The city is at an altitude of 200 meters above sea level and overlooks the Ionian Sea.

== History ==

The name probably derives from the Latin Amygdalaria (mandorlai), due to the area's high production of almonds. Based on archaeological sites in the area, it is believed that the territory was already inhabited in the Neolithic period (6000-4000 BC) and that the human presence became stable in the Proto-historic age (3500-3000 BC) when a community settled in the area of today's Old District (Rione Vecchio).

With the foundation of Sybaris by the Achaeans, the population that inhabited the area of the Old District in the seventh century BC moved to the wide area of San Nicola.
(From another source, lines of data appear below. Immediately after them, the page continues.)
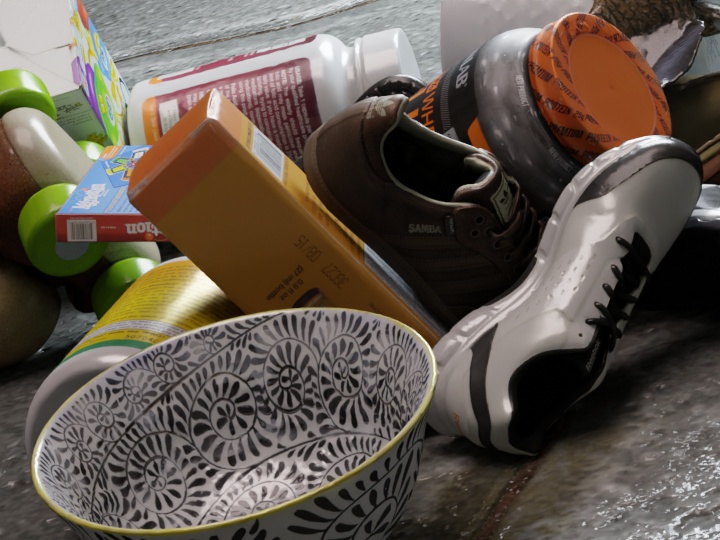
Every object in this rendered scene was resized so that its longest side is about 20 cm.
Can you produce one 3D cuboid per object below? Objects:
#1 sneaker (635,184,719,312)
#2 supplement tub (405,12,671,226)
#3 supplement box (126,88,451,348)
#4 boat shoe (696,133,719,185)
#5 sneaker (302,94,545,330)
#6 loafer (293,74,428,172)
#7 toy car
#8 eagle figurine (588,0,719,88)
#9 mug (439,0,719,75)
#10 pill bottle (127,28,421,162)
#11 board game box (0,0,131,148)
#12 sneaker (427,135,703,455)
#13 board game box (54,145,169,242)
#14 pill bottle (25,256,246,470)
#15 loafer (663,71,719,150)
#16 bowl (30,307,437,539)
[{"bbox_3d":[0.205,-0.023,1.519,0.083,0.072,0.200,-41,26,-23],"label":"sneaker"},{"bbox_3d":[0.074,-0.057,1.576,0.200,0.123,0.122,-34,4,37],"label":"supplement tub"},{"bbox_3d":[-0.031,-0.001,1.478,0.066,0.200,0.069,-42,12,12],"label":"supplement box"},{"bbox_3d":[0.261,-0.061,1.604,0.199,0.068,0.072,-28,-22,19],"label":"boat shoe"},{"bbox_3d":[0.062,-0.018,1.473,0.075,0.199,0.071,-32,30,48],"label":"sneaker"},{"bbox_3d":[-0.016,-0.046,1.768,0.200,0.073,0.071,-39,-8,18],"label":"loafer"},{"bbox_3d":[-0.242,0.003,1.794,0.200,0.158,0.165,-37,42,6],"label":"toy car"},{"bbox_3d":[0.156,-0.150,1.735,0.201,0.151,0.151,-54,47,4],"label":"eagle figurine"},{"bbox_3d":[0.153,-0.179,1.865,0.174,0.201,0.148,-1,35,20],"label":"mug"},{"bbox_3d":[-0.055,-0.101,1.963,0.199,0.115,0.114,-13,17,10],"label":"pill bottle"},{"bbox_3d":[-0.219,-0.102,1.946,0.104,0.200,0.104,-15,58,6],"label":"board game box"},{"bbox_3d":[0.119,0.018,1.443,0.200,0.074,0.080,-51,35,-7],"label":"sneaker"},{"bbox_3d":[-0.118,-0.048,1.671,0.102,0.020,0.200,1,14,4],"label":"board game box"},{"bbox_3d":[-0.096,0.059,1.508,0.112,0.114,0.200,-10,18,20],"label":"pill bottle"},{"bbox_3d":[0.225,-0.088,1.725,0.067,0.076,0.200,-35,7,-20],"label":"loafer"},{"bbox_3d":[-0.050,0.107,1.328,0.199,0.095,0.201,-12,26,6],"label":"bowl"}]

In this place was built a new city, called Lagaria.

After the Roman rule, Amendolara was mostly a religious center, first under the Byzantines, then with the establishment of Cistercians monks, as evidenced by the many churches and hermits' caves located in the territory. A castle was built here around 1000 AD.

In the 16th century, the Dominicans built a convent and the so-called "Torre Spaccata" ("Split tower"). For two centuries there were battles between feudal lords and the city for the conquest of the land confiscated during the feudal period. In the 18th century, the lots became real farms and were divided between the municipality and the state, which sold them to the representatives of the most powerful middle-class families.

During the 19th century, Amendolara was a viable center for the dissemination of liberal ideas, but it is also suffered the plundering of the most important works of art contained in the churches. In 1848 the population was mostly living in poverty and they rebelled against the landowners occupying the lands of Straface. Poverty and unemployment led to a significant migration to Argentina and northern Italy which lasted for nearly a century.

== Cuisine==
The food is a strong tradition and cultural tourist attraction of the place. It actively contributes to the local economy and society. The cuisine is simple, genuine, and uses local vegetables. The culinary tradition of Amendolara puts is based on agriculture of the "Alto Jonio Cosentino", and is characterized by the use of basic ingredients in common with the area of Sibari.

A common first course is rascjcatilli, fresh pasta made with flour and water in the form of small pieces plucked with the fingers and topped with fresh tomato sauce and basil or lamb ragout and a sprinkling of chili pepper. Ferrazuoli is fresh pasta in the shape of sticks, gouged with a thin iron square, and topped with meat ragout. Both are peasant dishes, often enhanced by the intense flavor of ricotta cheese and grated flake directly over the plate at time of service.

Typical Christmas desserts include I crispi, made with wheat flour, water and yeast, shaped like big rings, fried in olive oil, and topped with sugar icing. I cannaricoli are big dumplings made of flour, black pepper, wine and a pinch of yeast, then fried in olive oil.

During Easter, it was common to prepare cullura and pastizzi. Cullura is the Easter bread, with an original meaning of new life. The dough is made with flour, eggs, cinnamon, fennel seeds, lard, salt and yeast. The whole is worked and shaped like a crown. Pastizzi are pseudo-pants made with flour, lard, salt and pepper, stuffed with meat and entrails of kid, seasoned with pepper, parsley, and garlic, browned in olive oil with the addition of sausage, then baked in the oven.